Augusta could generate electricity using methane from Hatch Hill landfill
The city already captures, and burns off with a flare, methane gas produced at the landfill.
AUGUSTA, GEORGIA — City officials propose to add electrical infrastructure that could lead to methane produced by decomposing garbage at Hatch Hill landfill being used to produce electricity.
The city already captures, and burns off with a flare, methane gas produced at the landfill to prevent it from escaping into the environment.
But a proposal from city officials to have Central Maine Power install new electrical infrastructure to bring three-phase power to Hatch Hill would also allow the city to further explore a proposal to capture the gas and use it to produce electricity. Three-phase power is necessary at the landfill to run heavy equipment, according to city officials.
City Manager William Bridgeo said initial analysis indicates the city could generate electricity at Hatch Hill, which would be fed back into the electrical grid, with the city getting a credit on its electric bills for major city and school facilities in Augusta, and save enough money doing so to pay for the upgrade. It would generate additional savings as well.
“It appears to be very promising, the numbers we’re seeing suggest we could have a favorable impact on our electricity bills,” Bridgeo said Tuesday.
Bridgeo said a recently completed engineering report by Competitive Energy Services confirmed city staff’s previous assessment that the city could generate enough electricity at Hatch Hill for the potential project to return a positive payback on the city’s investment. He said, if the proposal moves forward and councilors approve of it, the city could borrow money to pay for the project, and more than pay back the loan with the savings in electricity costs.
But three-phase power would be needed at Hatch Hill to handle the new system, and the landfill currently only has singe-phase power, which comes via a line from Route 3 installed in the 1960s, according to Lesley Jones, public works director.
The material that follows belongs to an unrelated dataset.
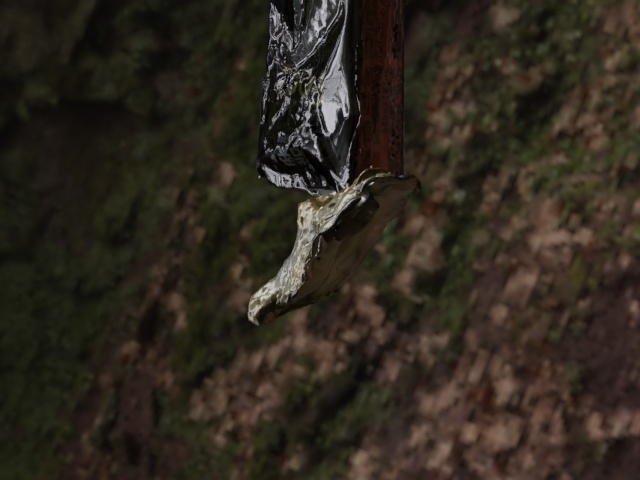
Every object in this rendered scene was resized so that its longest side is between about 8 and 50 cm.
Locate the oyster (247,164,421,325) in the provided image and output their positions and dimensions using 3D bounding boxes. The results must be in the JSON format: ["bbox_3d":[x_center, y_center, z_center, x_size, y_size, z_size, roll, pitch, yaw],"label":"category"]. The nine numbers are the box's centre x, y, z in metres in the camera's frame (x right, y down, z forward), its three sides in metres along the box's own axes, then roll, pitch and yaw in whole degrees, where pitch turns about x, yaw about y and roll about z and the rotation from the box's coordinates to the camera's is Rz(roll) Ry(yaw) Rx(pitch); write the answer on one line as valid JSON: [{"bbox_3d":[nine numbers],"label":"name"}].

Bridgeo and Jones said even if the city never moves forward with a proposal to build a facility to convert methane to electricity, having three-phase power at Hatch Hill would have benefits.
Jones said several pieces of equipment at Hatch Hill should operate on three-phase power, such as recycling balers and leachate pumps. Without access to it, the city instead uses converters and variable frequency drives to run that equipment, but she said doing so makes it less efficient and shortens the life span of the motors.
Bringing three-phase power to the site would cost about $375,000, which Bridgeo said could come out of the Hatch Hill enterprise fund, with no impact on the city’s property tax rate. Jones said Bob LaBreck, city facilities manager, has been working with CMP on a proposal to bring three-phase power to Hatch Hill from South Belfast Avenue, which would be less costly than bringing it from Route 3.
Jones said three-phase power would also be more reliable, resulting in fewer power outages at the landfill.
While the current landfill is projected to be full in 12 to 15 years, the facility, Bridgeo and Jones said, will still likely be used as a disposal site.
Bridgeo said the city also, longer term, plans to study the potential for installing solar panels at Hatch Hill, which could allow the site to produce more electricity on top of that potentially produced by the methane conversion system.
In 2012, a man representing an international company pitched a proposal to build a plant at Hatch Hill that would process trash from the landfill and turn it into liquid fuel, such as diesel fuel.
Bridgeo said that proposal was attractive when diesel and gas prices were high, but the economics of it wouldn’t work at Hatch Hill with the current, relatively low, fuel prices.
Bridgeo said if councilors approve and the proposal moves forward, it could go online in early 2018.
Councilors meet to discuss the proposal to bring three-phase power to Hatch Hill at their 6:30 p.m. meeting Thursday, in council chambers at Augusta City Center.
Councilors are also scheduled to hear a presentation on Howard Hill, a 164 acre property that provides a natural, dramatic, and largely unspoiled backdrop to the State House Complex.